Across the whole listing, how many lines hold the word "base"? Reply with the number by itself.

> _Source data_

****

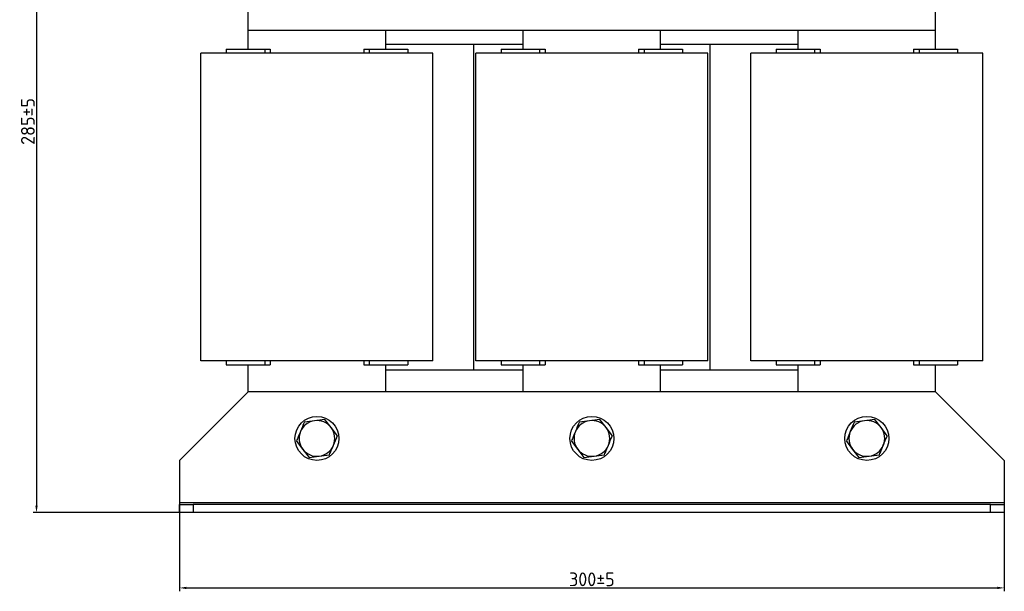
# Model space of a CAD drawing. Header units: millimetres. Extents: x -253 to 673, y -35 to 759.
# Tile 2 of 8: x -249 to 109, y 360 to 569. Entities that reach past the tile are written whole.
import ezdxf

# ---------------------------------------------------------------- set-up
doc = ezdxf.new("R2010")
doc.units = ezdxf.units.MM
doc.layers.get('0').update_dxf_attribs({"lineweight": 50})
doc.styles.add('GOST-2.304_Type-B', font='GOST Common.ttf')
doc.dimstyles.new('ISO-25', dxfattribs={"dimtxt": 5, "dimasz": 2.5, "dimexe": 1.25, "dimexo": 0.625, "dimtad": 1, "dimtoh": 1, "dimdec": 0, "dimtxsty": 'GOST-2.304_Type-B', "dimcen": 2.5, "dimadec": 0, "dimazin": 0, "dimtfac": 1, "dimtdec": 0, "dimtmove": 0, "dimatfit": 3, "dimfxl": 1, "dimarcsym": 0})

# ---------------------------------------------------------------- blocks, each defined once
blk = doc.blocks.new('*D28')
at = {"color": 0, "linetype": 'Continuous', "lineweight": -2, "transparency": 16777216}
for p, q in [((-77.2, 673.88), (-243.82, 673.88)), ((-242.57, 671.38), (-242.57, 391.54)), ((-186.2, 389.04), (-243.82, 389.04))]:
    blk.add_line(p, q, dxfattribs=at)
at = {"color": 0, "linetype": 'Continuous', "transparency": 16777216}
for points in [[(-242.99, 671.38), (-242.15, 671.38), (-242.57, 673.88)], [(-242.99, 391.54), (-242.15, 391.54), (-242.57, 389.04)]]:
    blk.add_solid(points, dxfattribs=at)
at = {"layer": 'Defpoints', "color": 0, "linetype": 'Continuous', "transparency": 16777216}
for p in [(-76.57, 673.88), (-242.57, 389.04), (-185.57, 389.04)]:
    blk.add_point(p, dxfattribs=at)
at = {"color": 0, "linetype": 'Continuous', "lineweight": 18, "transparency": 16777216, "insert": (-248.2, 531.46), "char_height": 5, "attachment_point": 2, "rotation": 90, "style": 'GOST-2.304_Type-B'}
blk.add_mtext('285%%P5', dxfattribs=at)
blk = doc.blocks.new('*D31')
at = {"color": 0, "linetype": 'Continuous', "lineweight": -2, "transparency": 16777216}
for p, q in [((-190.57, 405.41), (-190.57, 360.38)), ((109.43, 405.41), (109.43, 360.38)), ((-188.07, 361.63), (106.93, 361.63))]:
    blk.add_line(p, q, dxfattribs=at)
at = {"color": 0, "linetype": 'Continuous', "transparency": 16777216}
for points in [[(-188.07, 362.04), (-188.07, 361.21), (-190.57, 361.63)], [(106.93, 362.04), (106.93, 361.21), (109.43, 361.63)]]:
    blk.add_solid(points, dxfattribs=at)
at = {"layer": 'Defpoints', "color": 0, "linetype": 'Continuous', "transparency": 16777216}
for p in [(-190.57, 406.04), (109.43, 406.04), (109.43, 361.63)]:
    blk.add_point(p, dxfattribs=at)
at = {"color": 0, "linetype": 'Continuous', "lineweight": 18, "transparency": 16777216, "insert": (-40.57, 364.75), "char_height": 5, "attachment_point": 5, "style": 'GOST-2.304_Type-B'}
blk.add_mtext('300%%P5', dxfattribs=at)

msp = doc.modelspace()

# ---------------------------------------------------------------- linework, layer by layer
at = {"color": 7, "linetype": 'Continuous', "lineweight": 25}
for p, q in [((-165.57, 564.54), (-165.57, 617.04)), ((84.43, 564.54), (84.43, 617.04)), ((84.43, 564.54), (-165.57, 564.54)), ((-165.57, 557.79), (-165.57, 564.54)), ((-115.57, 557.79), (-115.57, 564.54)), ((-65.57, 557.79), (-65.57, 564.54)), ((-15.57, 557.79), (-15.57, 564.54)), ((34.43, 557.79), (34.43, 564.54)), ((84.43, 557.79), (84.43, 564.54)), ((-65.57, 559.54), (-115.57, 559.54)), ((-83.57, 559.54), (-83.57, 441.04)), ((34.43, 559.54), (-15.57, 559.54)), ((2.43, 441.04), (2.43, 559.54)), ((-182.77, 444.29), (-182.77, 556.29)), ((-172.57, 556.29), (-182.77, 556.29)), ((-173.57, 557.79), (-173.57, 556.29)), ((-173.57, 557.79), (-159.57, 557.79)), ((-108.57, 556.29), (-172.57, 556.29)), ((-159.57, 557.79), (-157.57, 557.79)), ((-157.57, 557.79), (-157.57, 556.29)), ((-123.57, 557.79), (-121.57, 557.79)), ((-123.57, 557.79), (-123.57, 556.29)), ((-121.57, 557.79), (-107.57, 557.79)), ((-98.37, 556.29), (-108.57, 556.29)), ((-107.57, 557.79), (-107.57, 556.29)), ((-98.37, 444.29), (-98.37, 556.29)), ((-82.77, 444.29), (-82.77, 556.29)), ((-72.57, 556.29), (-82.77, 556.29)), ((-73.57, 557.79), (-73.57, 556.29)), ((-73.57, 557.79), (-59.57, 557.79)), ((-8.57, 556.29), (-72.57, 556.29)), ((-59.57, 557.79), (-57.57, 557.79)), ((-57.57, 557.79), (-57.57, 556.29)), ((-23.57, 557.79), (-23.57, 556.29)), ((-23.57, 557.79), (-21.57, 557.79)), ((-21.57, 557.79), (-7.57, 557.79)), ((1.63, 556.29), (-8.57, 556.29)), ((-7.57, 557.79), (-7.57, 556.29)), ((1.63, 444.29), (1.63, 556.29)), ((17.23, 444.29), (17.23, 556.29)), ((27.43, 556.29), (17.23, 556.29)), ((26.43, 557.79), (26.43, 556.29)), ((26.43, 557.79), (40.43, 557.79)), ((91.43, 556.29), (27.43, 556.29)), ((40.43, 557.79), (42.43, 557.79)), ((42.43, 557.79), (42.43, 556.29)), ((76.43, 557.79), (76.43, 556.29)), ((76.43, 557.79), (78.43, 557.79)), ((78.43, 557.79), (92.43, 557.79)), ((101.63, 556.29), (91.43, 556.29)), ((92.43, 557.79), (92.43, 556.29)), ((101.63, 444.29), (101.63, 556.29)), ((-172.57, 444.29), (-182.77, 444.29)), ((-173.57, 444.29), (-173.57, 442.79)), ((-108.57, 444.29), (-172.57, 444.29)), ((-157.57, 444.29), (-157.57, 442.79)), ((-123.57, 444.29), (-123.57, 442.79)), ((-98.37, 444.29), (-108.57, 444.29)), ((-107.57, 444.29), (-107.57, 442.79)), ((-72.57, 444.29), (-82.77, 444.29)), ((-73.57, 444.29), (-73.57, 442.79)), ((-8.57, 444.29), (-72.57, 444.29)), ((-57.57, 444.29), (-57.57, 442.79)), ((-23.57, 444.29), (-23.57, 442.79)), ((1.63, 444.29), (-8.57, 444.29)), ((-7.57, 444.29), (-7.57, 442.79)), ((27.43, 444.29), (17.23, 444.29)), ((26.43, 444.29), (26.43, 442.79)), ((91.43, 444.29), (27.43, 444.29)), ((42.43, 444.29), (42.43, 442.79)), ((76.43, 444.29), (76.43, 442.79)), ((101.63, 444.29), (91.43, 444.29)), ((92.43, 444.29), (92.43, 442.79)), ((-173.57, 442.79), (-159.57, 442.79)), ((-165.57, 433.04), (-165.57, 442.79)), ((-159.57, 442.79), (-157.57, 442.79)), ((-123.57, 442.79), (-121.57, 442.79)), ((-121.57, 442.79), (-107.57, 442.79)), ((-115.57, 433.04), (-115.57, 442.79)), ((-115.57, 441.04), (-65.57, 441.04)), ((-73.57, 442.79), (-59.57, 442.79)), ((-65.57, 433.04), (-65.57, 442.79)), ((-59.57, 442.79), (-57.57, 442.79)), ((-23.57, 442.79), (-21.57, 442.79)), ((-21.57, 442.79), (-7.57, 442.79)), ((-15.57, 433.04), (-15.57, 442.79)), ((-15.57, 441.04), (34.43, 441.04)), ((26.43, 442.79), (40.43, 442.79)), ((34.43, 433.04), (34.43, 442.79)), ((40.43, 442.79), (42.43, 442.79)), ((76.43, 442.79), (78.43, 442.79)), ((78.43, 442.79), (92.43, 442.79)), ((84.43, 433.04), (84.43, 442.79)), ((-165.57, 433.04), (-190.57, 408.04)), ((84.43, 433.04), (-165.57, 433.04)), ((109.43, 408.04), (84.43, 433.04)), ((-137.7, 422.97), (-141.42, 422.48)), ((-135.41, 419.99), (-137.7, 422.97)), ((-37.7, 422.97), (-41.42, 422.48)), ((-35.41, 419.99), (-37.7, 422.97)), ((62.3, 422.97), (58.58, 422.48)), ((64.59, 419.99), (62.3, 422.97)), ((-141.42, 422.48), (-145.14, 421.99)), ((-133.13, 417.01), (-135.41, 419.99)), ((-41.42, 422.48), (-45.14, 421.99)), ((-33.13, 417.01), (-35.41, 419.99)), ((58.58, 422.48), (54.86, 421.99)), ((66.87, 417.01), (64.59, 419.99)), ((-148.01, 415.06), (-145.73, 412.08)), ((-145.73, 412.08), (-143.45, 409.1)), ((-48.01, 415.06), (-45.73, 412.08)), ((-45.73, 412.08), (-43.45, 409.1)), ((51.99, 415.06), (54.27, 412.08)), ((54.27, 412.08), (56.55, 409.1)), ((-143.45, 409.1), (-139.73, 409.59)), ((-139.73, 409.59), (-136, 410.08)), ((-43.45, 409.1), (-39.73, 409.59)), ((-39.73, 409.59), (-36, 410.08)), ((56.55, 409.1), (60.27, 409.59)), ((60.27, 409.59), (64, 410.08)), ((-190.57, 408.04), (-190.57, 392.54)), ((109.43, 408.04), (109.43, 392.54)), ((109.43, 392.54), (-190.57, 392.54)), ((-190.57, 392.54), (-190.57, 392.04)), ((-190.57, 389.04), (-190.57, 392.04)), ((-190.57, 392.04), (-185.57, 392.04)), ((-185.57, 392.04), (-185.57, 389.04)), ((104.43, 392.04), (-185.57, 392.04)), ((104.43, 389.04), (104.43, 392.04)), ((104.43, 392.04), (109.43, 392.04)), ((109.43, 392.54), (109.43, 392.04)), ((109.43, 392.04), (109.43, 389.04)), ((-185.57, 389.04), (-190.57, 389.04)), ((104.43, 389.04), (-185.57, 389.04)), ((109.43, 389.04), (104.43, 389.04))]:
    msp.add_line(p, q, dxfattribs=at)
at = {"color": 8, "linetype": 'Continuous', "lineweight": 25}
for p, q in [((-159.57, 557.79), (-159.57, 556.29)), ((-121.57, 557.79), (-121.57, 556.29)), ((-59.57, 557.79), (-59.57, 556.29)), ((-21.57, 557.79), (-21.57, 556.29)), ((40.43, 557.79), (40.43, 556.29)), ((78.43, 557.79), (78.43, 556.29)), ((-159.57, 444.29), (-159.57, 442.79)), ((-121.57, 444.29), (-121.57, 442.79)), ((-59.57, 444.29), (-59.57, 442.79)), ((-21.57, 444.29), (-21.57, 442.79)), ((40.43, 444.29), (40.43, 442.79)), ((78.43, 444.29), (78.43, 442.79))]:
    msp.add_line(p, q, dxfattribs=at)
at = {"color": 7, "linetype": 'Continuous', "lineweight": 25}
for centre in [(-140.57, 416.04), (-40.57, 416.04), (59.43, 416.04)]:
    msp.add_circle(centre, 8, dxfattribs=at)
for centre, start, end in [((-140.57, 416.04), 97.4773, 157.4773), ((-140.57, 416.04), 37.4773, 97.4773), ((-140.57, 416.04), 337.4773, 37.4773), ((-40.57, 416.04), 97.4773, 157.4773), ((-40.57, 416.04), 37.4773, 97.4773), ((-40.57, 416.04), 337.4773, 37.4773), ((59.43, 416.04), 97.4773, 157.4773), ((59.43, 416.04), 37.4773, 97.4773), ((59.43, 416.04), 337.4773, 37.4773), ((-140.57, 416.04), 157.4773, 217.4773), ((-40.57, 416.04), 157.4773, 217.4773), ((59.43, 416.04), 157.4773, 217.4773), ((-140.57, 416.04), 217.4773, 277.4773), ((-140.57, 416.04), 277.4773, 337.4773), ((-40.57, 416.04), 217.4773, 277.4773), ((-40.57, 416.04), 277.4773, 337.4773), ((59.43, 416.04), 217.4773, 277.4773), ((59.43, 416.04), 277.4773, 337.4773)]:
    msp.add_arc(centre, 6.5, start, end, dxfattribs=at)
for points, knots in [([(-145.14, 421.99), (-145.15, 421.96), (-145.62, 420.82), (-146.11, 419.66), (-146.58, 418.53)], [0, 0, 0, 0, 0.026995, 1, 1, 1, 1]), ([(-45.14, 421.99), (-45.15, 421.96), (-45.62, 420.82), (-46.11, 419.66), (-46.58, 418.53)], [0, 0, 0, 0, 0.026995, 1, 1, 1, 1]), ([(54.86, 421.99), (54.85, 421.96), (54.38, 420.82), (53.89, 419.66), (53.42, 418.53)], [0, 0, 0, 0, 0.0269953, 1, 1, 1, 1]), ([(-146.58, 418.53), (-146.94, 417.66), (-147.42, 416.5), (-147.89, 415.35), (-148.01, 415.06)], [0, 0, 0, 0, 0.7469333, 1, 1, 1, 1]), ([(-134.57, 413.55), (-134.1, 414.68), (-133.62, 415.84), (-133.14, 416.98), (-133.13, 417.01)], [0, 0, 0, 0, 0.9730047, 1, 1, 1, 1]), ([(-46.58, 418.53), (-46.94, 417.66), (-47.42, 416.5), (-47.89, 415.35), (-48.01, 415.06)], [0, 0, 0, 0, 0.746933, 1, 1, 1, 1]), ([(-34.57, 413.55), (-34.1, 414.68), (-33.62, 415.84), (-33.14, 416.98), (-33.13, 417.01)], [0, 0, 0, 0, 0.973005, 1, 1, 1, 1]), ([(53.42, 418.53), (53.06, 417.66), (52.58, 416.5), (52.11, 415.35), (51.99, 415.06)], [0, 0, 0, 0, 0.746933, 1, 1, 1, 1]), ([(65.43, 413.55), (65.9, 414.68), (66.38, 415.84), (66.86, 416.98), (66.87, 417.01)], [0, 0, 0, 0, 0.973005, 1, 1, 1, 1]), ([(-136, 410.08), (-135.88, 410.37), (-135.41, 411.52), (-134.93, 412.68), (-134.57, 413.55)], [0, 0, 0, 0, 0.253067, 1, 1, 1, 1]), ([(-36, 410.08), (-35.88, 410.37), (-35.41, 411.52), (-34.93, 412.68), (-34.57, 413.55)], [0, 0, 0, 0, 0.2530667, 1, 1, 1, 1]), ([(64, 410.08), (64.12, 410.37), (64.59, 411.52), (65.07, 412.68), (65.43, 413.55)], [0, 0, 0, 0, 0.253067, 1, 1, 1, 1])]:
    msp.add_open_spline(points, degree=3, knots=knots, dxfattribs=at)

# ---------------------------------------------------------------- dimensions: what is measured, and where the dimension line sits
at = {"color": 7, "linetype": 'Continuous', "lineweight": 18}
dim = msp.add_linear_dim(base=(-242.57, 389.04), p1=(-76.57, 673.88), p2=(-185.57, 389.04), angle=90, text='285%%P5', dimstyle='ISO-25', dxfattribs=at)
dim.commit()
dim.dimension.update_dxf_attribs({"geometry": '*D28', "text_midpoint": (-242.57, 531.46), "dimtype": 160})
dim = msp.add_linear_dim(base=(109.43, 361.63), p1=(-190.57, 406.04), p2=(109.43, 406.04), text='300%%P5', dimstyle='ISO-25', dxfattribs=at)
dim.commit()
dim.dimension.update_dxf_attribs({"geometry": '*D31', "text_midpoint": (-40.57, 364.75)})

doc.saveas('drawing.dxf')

****

> _Response to the exercise_
2